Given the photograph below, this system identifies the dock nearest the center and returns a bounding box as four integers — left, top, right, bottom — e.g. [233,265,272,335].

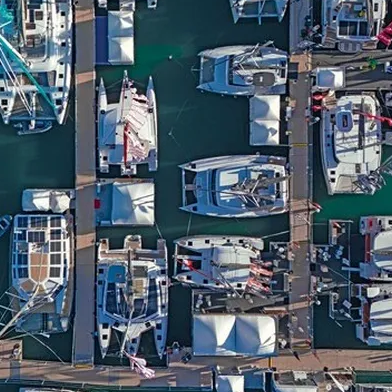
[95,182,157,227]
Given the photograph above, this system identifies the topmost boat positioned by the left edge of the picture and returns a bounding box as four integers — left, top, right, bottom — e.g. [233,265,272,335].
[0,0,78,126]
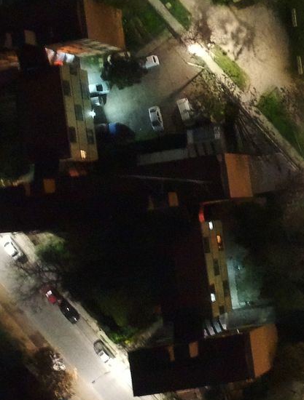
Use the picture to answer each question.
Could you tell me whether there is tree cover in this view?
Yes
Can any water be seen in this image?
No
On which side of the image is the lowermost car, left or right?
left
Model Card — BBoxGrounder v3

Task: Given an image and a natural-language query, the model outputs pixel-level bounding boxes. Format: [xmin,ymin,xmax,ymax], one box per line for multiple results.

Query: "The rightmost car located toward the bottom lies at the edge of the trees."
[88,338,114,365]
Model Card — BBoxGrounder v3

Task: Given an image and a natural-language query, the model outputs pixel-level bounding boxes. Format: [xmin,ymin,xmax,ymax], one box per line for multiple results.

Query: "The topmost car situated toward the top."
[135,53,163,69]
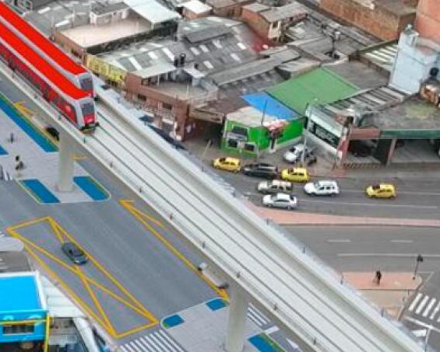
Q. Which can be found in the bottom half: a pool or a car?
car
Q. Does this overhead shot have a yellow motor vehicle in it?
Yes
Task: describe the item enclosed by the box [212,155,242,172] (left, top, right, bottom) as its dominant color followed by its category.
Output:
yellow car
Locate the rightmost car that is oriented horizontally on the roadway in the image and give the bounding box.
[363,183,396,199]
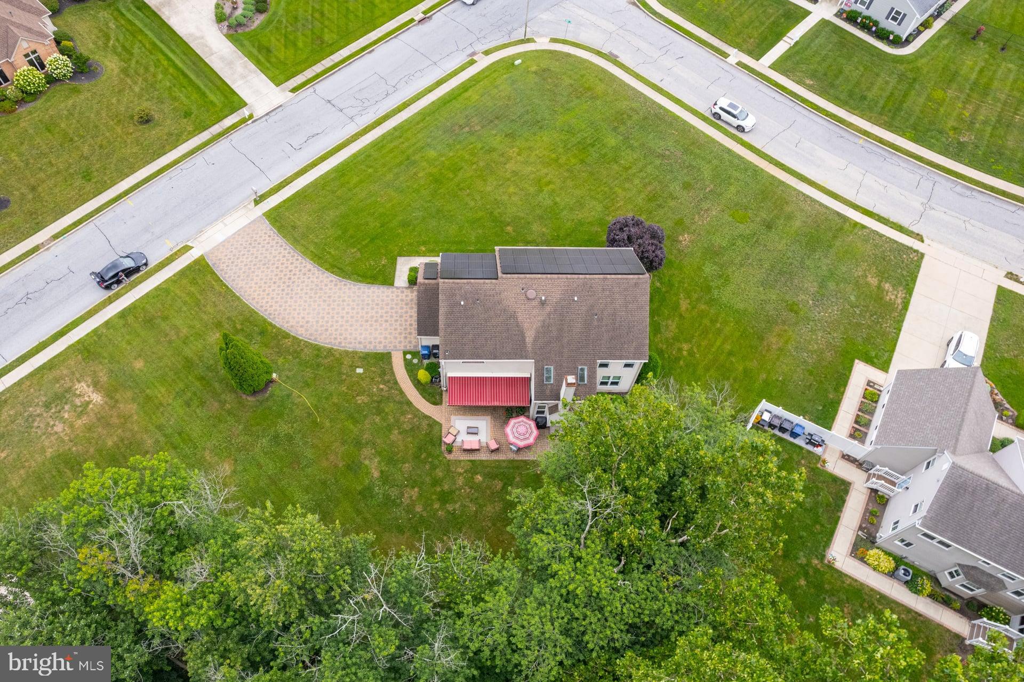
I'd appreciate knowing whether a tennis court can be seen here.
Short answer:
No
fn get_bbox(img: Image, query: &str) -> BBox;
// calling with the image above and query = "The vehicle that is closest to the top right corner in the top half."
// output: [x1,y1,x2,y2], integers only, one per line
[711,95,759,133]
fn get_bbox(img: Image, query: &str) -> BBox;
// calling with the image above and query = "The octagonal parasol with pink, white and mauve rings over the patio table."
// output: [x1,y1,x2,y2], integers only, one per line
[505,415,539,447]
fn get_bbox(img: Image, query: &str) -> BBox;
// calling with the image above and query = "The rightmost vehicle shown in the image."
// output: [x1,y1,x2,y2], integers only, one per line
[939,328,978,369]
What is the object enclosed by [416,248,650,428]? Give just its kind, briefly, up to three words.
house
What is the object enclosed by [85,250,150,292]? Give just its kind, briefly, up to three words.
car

-=-=-=-=-

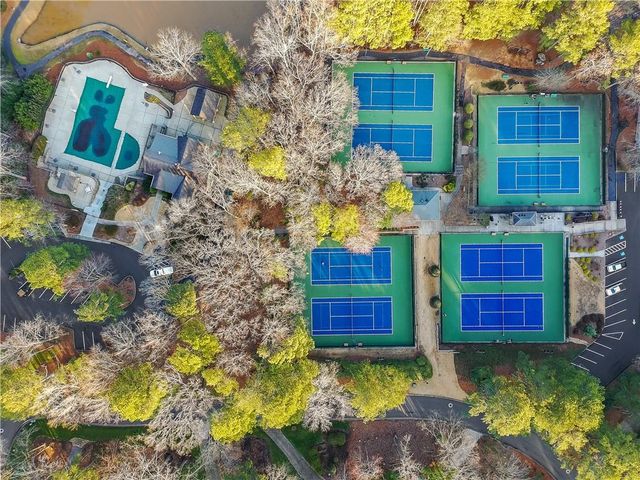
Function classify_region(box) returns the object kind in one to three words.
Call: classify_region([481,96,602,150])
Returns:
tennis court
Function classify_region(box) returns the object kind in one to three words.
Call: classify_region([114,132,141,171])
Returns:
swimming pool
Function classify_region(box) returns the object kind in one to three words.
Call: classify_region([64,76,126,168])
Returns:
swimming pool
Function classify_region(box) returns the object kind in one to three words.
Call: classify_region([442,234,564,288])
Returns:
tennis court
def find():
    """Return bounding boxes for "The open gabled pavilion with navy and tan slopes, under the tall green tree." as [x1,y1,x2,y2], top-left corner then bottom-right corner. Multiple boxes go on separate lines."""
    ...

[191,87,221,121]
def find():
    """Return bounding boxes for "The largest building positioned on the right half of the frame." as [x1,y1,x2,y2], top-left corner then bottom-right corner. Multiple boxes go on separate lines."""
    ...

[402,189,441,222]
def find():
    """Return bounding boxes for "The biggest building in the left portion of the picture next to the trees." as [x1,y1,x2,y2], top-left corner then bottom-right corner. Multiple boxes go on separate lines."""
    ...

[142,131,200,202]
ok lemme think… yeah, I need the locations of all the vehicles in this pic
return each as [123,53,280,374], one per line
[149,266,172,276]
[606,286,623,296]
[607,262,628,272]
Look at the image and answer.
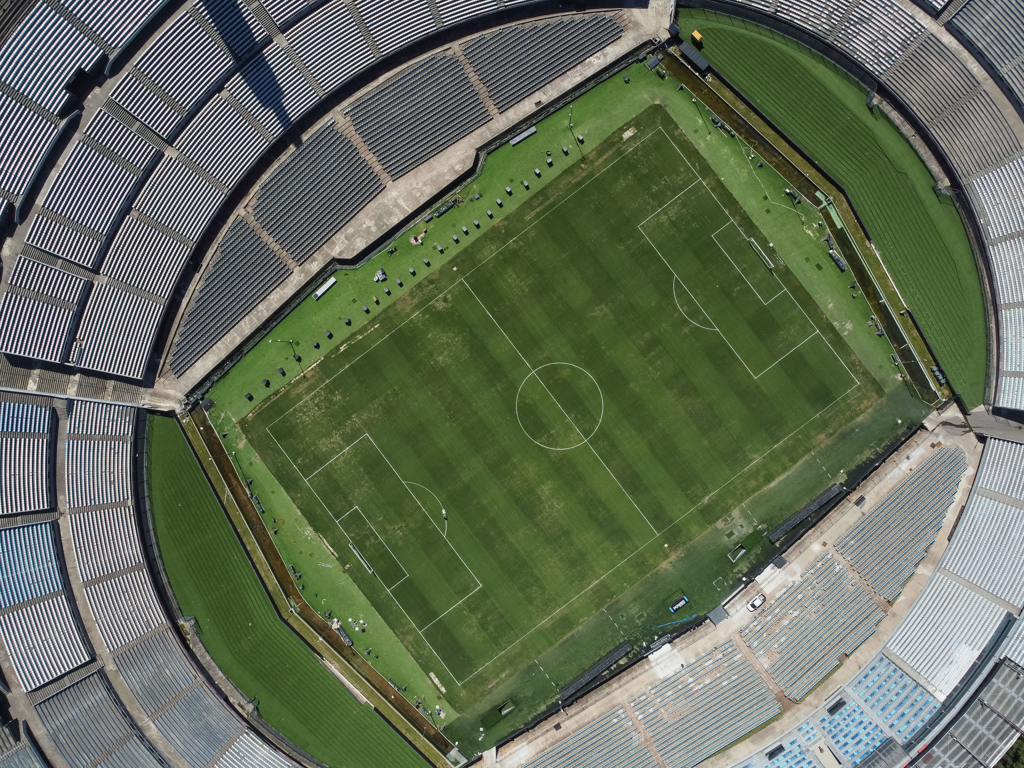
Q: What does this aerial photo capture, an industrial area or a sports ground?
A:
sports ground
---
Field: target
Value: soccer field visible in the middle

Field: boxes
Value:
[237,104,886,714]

-=-=-=-=-

EXERCISE GOAL: Go through the data above and find the lines with the word "building". Copy each of those lines.

WRITTEN REPLY:
    """Return bounding boxes for "The largest building positioned on the right half of the frame." as [x1,y1,x2,y2], top-left corner then bottom-right corner. Multiple boxes go on separate lines."""
    """Return bounding boxes for "The biggest building in the left portion of the picture next to the trees." as [x1,y1,x2,y2], top-left corner then bottom-right corner. Multiple boxes go on separate lines."""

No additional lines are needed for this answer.